The milk sub can also be heated in the microwave. Five seconds is all it should take to take the chill off.
If the tahini or peanut butter are refrigerated, put them in a microwave-safe bowl and heat for about 15 seconds or until they’re room temperature.
If the egg is cold, as your first step, place it in a bowl of warm water. It should be warm enough by the time you’re ready to add it to the bowl.
Soft & Chewy Peanut Butter Tahini Cookies (gluten-free)
- ½ c natural, unsweetened peanut butter do not use no-stir
- ¼ c tahini
- ½ c sugar
- ⅓ c light brown sugar
- 1 large egg, room temperature
- 1 tsp vanilla extract, vanilla bean paste or vanilla powder
- 1 Tbsp non-dairy milk substitute, soy milk preferred
- ¾ c gluten-free flour blend, King Arthur Measure for Measure recommended
- ½ tsp baking soda
- ¼ tsp salt
- ⅓ c sesame seeds
- Preheat the oven to 350℉ and line cookie sheet(s) with parchment (optional). Mix this recipe with an electric hand mixer or a stand mixer.
- This recipe works best of the ingredients are at room temperature. •The egg can be placed in a bowl of warm water for 5-10 minutes.•If refrigerated, heat the tahini and peanut butter in the microwave for 15 seconds to take the chill off.•If your milk sub is cold, heat it in the microwave for 5 seconds.
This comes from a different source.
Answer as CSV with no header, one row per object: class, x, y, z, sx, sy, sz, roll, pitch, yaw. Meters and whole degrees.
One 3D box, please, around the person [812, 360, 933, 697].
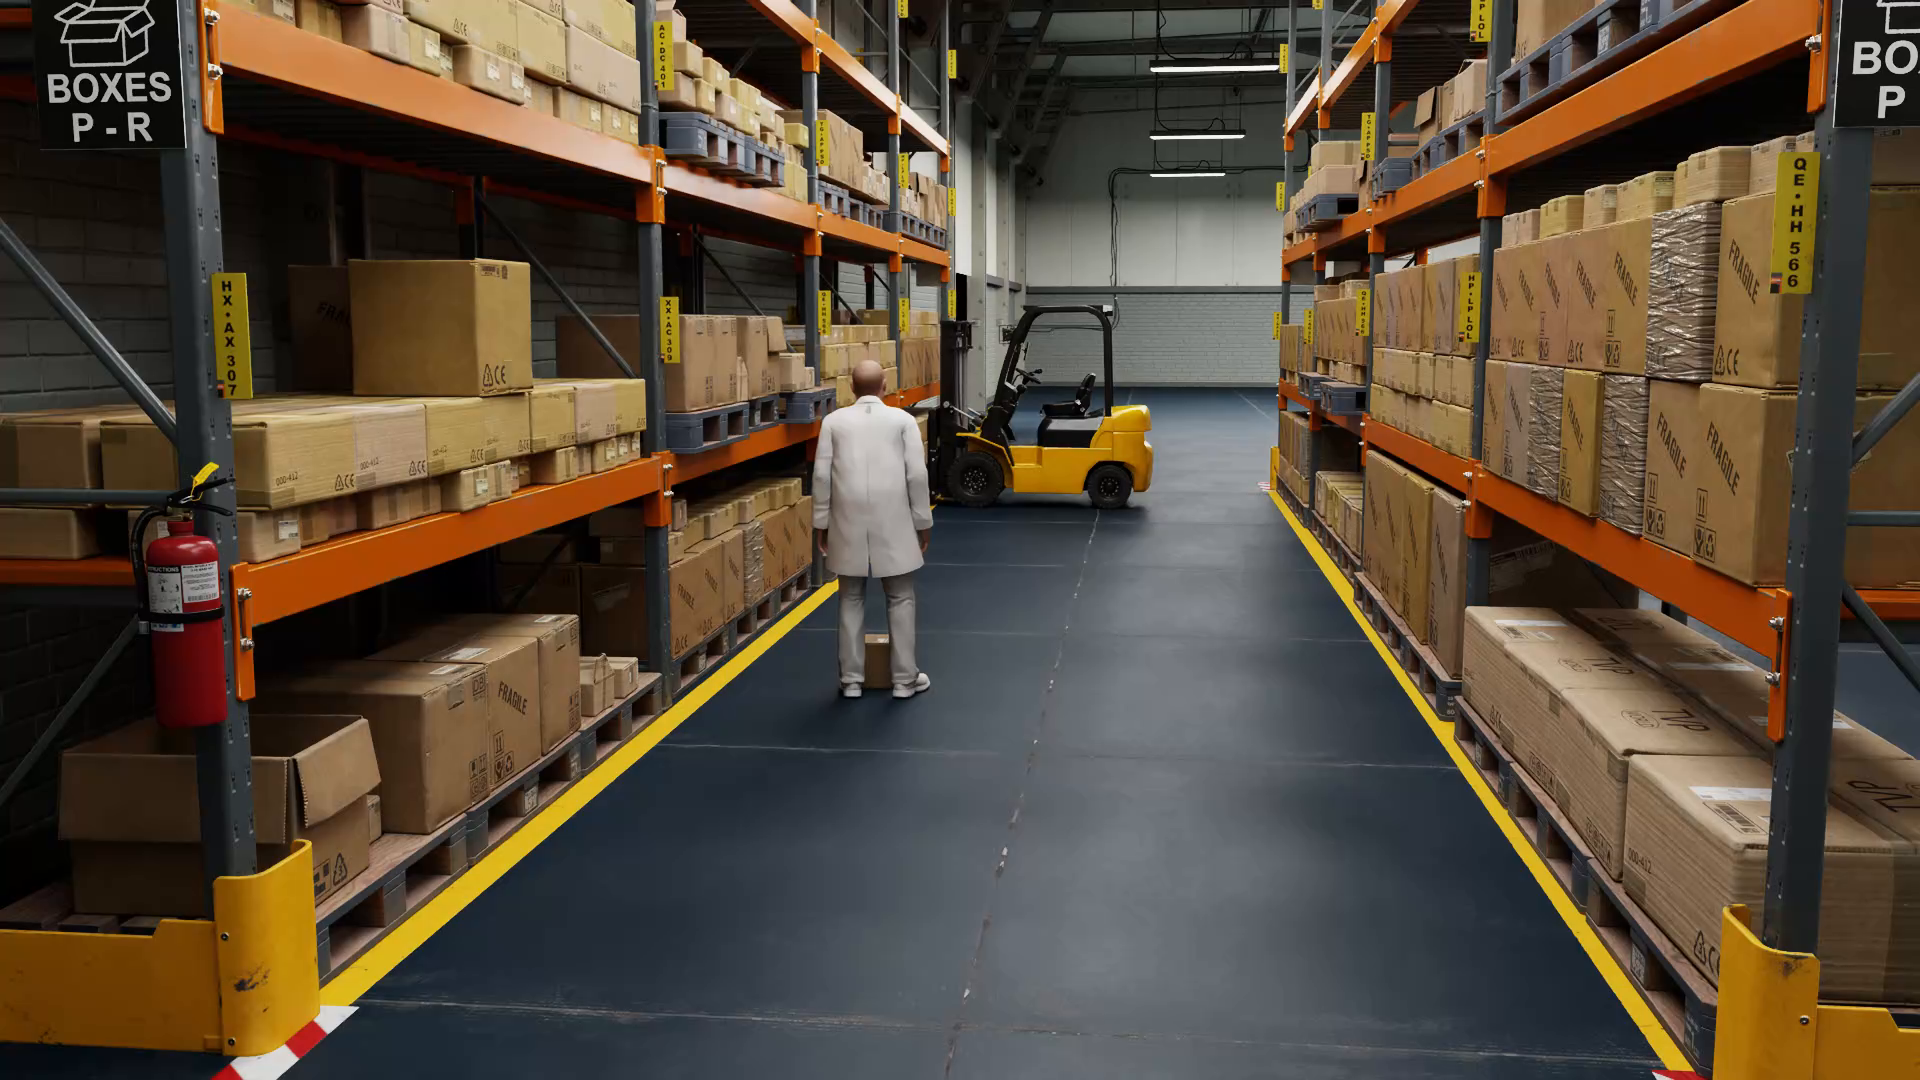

- Add the peanut butter, tahini, sugar and brown sugar to a large mixing bowl.
- Start the mixer on low, then turn it to medium high and mix for at least 1½ minutes or until thoroughly combined.
- Add the egg, vanilla and milk sub and mix just until combined.
- Add the gf flour, baking soda and salt and mix on low for 10 seconds.
- Scrape down the sides of the bowl and mix on medium high just until all of the dry ingredients are incorporated. *Overmixing will create too much air in the dough which can result in crunchier cookies.
- Place the sesame seeds into a small bowl.
- Either used a cookie scoop or 2 spoons to get 1½ tablespoons dough. Roll the top of the cookie in sesame seeds to coat all of it except the bottom.
- Then gently press it into a 2" disk.
- Place on the cookie sheet with about 2 inches of space in between.
- Bake for 10-11 minutes or until the bottom of the cookies are golden brown. Cool them on the pan for 5 minutes. Then transfer to a wire rack to cool completely.
- This cookies will stay soft and chewy for at least 4 days if stored in an air tight container.